BEGIN Available data

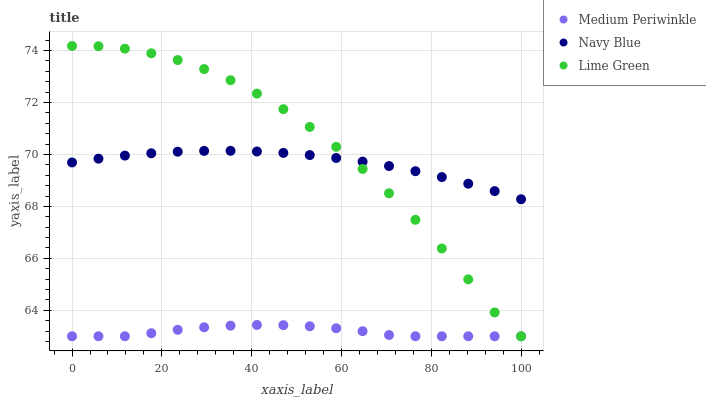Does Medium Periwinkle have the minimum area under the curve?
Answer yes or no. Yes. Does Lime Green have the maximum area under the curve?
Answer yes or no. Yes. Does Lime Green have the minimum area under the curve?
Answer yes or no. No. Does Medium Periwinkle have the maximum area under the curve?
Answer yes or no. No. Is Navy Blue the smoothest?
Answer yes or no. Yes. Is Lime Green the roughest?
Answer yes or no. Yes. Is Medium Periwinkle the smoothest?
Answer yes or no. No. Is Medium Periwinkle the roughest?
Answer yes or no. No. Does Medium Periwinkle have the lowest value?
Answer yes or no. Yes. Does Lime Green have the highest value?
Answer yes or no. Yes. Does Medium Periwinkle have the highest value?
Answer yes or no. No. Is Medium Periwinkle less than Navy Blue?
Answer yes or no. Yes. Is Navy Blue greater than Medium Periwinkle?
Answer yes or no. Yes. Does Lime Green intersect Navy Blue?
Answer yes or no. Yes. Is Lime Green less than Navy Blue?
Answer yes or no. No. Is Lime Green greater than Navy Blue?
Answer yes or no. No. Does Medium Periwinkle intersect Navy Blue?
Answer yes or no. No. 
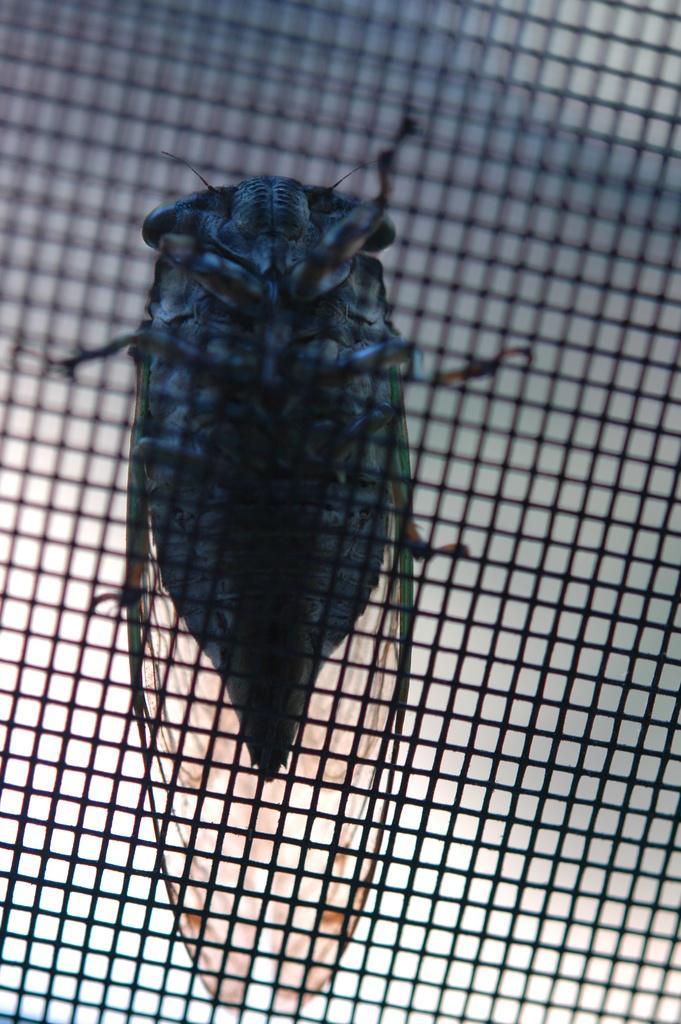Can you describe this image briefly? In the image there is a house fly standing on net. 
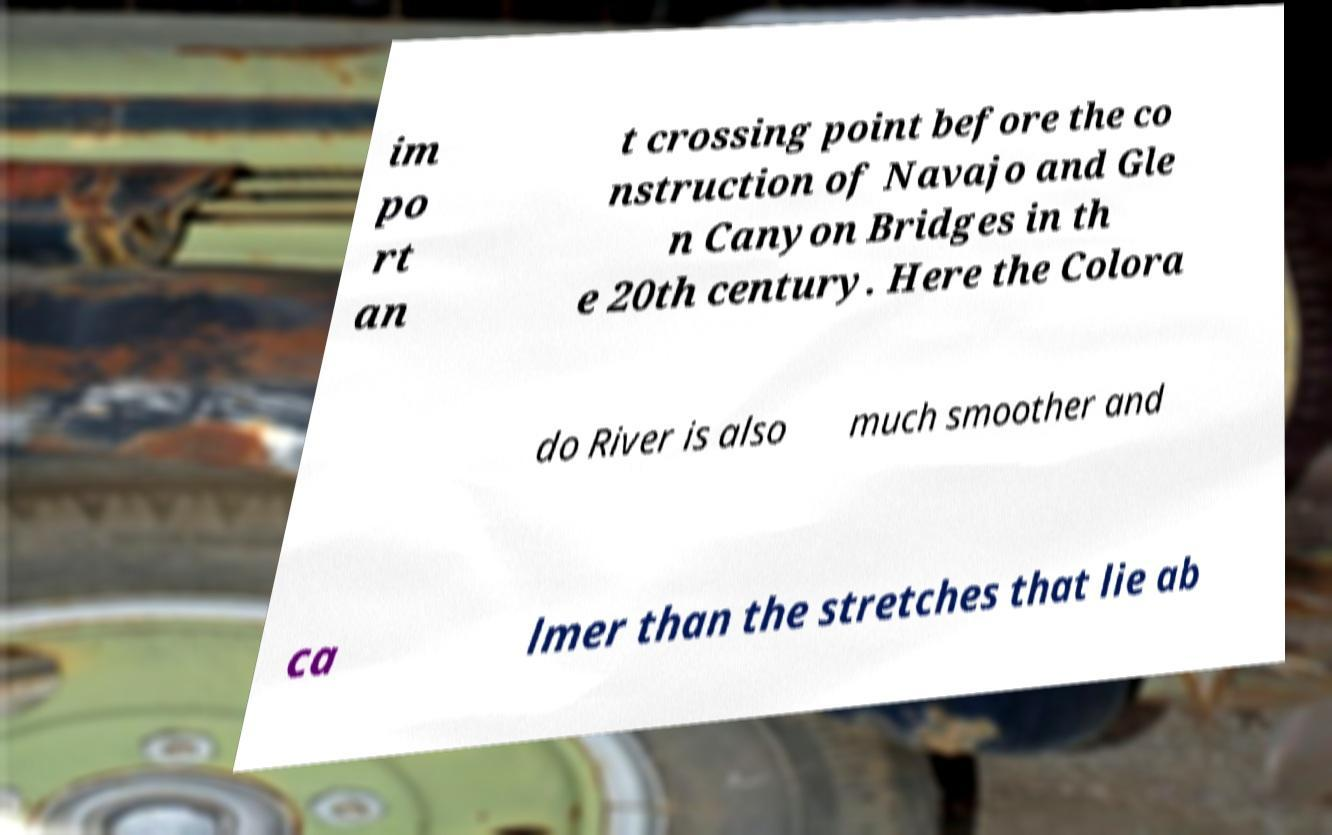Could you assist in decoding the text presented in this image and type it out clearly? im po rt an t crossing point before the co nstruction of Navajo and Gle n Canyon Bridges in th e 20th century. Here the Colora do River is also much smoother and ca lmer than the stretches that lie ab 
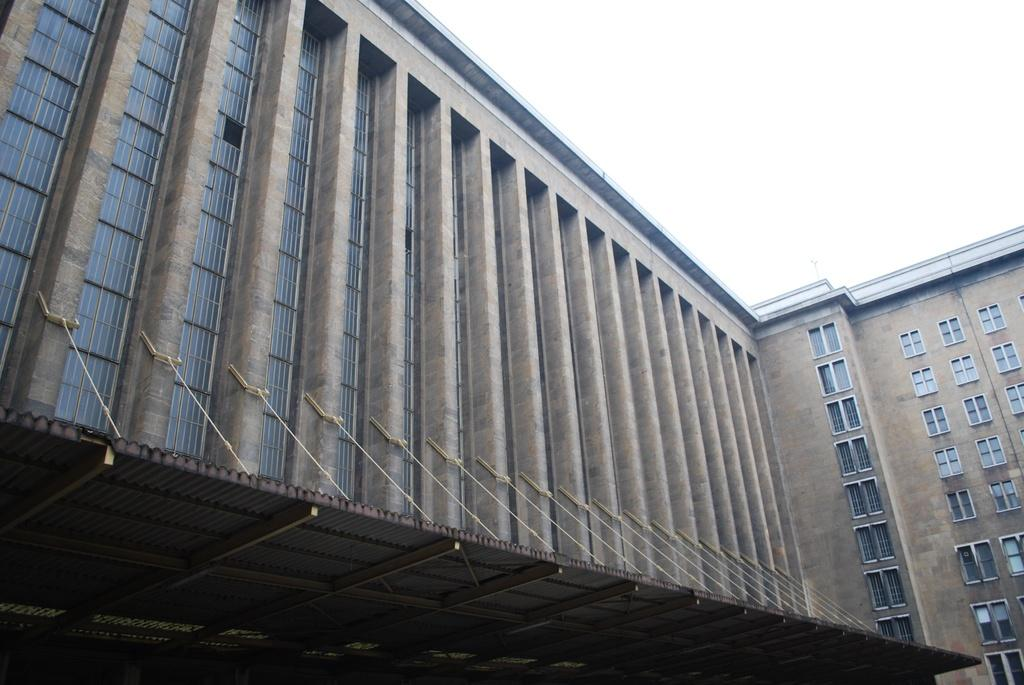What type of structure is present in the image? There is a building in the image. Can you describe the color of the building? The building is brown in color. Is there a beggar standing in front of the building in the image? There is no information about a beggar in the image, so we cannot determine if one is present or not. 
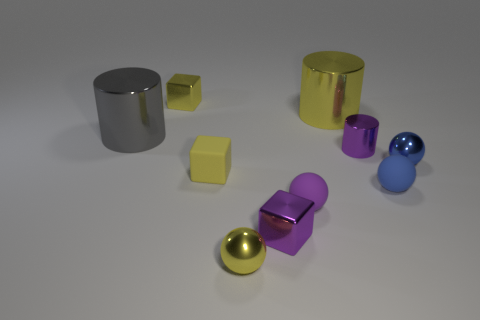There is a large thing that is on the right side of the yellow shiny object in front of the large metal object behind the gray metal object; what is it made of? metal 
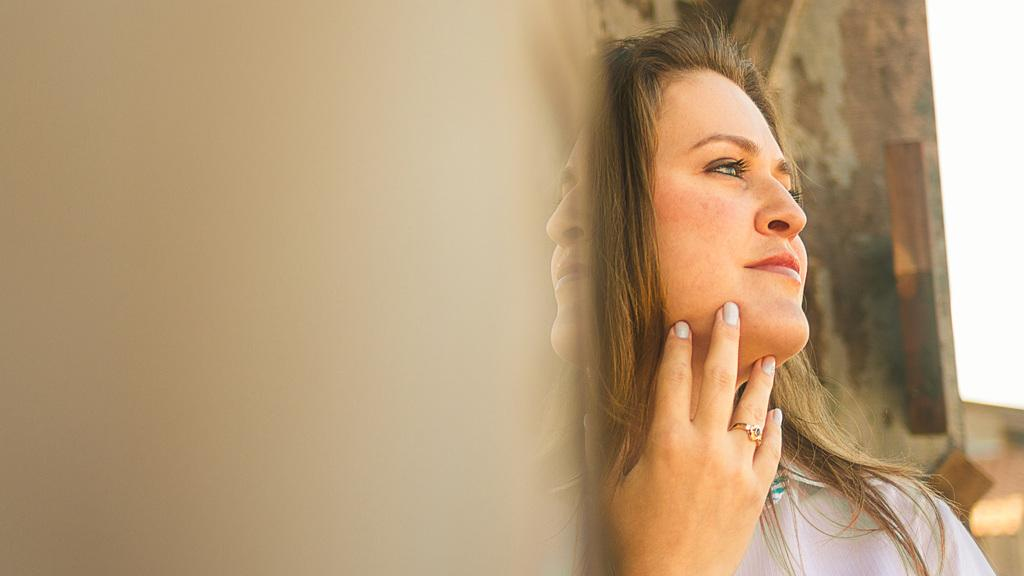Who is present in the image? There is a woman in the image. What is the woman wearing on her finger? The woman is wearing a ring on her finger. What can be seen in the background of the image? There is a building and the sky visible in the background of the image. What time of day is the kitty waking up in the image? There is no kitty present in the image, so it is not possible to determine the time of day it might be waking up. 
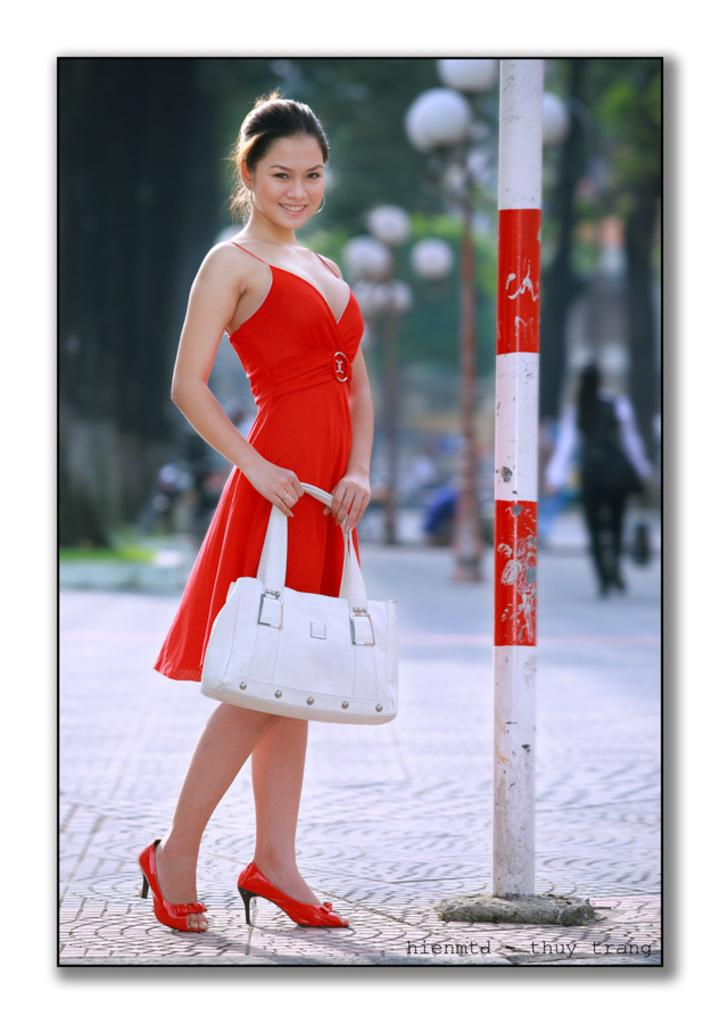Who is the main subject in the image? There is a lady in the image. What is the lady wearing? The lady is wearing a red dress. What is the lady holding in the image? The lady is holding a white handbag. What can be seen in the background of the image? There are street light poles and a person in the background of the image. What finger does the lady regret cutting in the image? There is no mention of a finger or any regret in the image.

END Available data

→ What needs to be done
Every line in the data above that includes the word "roughest" should be copied.

→ Answer section
Answer yes or no. Yes. Is Lime Green the roughest?
Answer yes or no. No. Is Medium Periwinkle the roughest?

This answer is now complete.